Records to process -
........
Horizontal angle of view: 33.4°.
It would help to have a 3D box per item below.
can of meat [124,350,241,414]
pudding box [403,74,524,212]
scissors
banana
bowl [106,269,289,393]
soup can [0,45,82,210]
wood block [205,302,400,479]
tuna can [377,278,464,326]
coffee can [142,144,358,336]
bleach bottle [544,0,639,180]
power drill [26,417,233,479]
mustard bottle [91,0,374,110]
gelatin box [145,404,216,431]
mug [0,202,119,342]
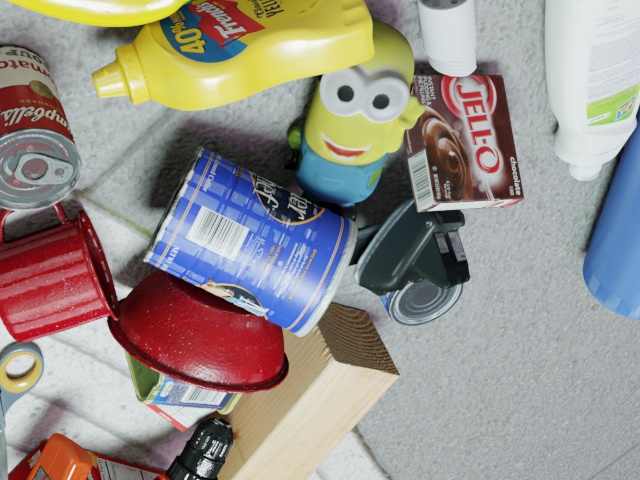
[{"bbox_3d":[-0.124,0.103,0.957,0.083,0.102,0.058,11,126,-34],"label":"can of meat"},{"bbox_3d":[0.116,-0.082,0.893,0.089,0.113,0.039,-4,172,-24],"label":"pudding box"},{"bbox_3d":[-0.285,0.158,0.989,0.096,0.016,0.202,-21,139,-9],"label":"scissors"},{"bbox_3d":[-0.174,-0.174,0.686,0.197,0.037,0.070,10,141,-23],"label":"banana"},{"bbox_3d":[-0.094,0.063,0.899,0.161,0.162,0.055,8,112,-34],"label":"bowl"},{"bbox_3d":[-0.206,-0.078,0.726,0.068,0.102,0.068,-15,137,-15],"label":"soup can"},{"bbox_3d":[-0.027,0.165,1.079,0.090,0.091,0.206,17,123,-38],"label":"wood block"},{"bbox_3d":[0.100,0.046,1.069,0.086,0.034,0.086,-15,137,-15],"label":"tuna can"},{"bbox_3d":[-0.056,0.001,0.846,0.140,0.102,0.103,26,120,-10],"label":"coffee can"},{"bbox_3d":[0.236,-0.146,0.928,0.102,0.068,0.251,-19,140,-10],"label":"bleach bottle"},{"bbox_3d":[-0.184,0.239,1.016,0.187,0.057,0.184,25,94,-43],"label":"power drill"},{"bbox_3d":[-0.066,-0.137,0.747,0.191,0.096,0.058,-19,138,-10],"label":"mustard bottle"},{"bbox_3d":[-0.123,0.141,1.049,0.089,0.030,0.073,-34,137,7],"label":"gelatin box"},{"bbox_3d":[-0.216,0.021,0.842,0.081,0.093,0.117,-18,107,-4],"label":"mug"}]
........
Task to complete - An exact retyping of the entries, without images, is the required answer.

Exercise solution -
Horizontal angle of view: 33.4°.
It would help to have a 3D box per item below.
can of meat [124,350,241,414]
pudding box [403,74,524,212]
scissors
banana
bowl [106,269,289,393]
soup can [0,45,82,210]
wood block [205,302,400,479]
tuna can [377,278,464,326]
coffee can [142,144,358,336]
bleach bottle [544,0,639,180]
power drill [26,417,233,479]
mustard bottle [91,0,374,110]
gelatin box [145,404,216,431]
mug [0,202,119,342]
[{"bbox_3d":[-0.124,0.103,0.957,0.083,0.102,0.058,11,126,-34],"label":"can of meat"},{"bbox_3d":[0.116,-0.082,0.893,0.089,0.113,0.039,-4,172,-24],"label":"pudding box"},{"bbox_3d":[-0.285,0.158,0.989,0.096,0.016,0.202,-21,139,-9],"label":"scissors"},{"bbox_3d":[-0.174,-0.174,0.686,0.197,0.037,0.070,10,141,-23],"label":"banana"},{"bbox_3d":[-0.094,0.063,0.899,0.161,0.162,0.055,8,112,-34],"label":"bowl"},{"bbox_3d":[-0.206,-0.078,0.726,0.068,0.102,0.068,-15,137,-15],"label":"soup can"},{"bbox_3d":[-0.027,0.165,1.079,0.090,0.091,0.206,17,123,-38],"label":"wood block"},{"bbox_3d":[0.100,0.046,1.069,0.086,0.034,0.086,-15,137,-15],"label":"tuna can"},{"bbox_3d":[-0.056,0.001,0.846,0.140,0.102,0.103,26,120,-10],"label":"coffee can"},{"bbox_3d":[0.236,-0.146,0.928,0.102,0.068,0.251,-19,140,-10],"label":"bleach bottle"},{"bbox_3d":[-0.184,0.239,1.016,0.187,0.057,0.184,25,94,-43],"label":"power drill"},{"bbox_3d":[-0.066,-0.137,0.747,0.191,0.096,0.058,-19,138,-10],"label":"mustard bottle"},{"bbox_3d":[-0.123,0.141,1.049,0.089,0.030,0.073,-34,137,7],"label":"gelatin box"},{"bbox_3d":[-0.216,0.021,0.842,0.081,0.093,0.117,-18,107,-4],"label":"mug"}]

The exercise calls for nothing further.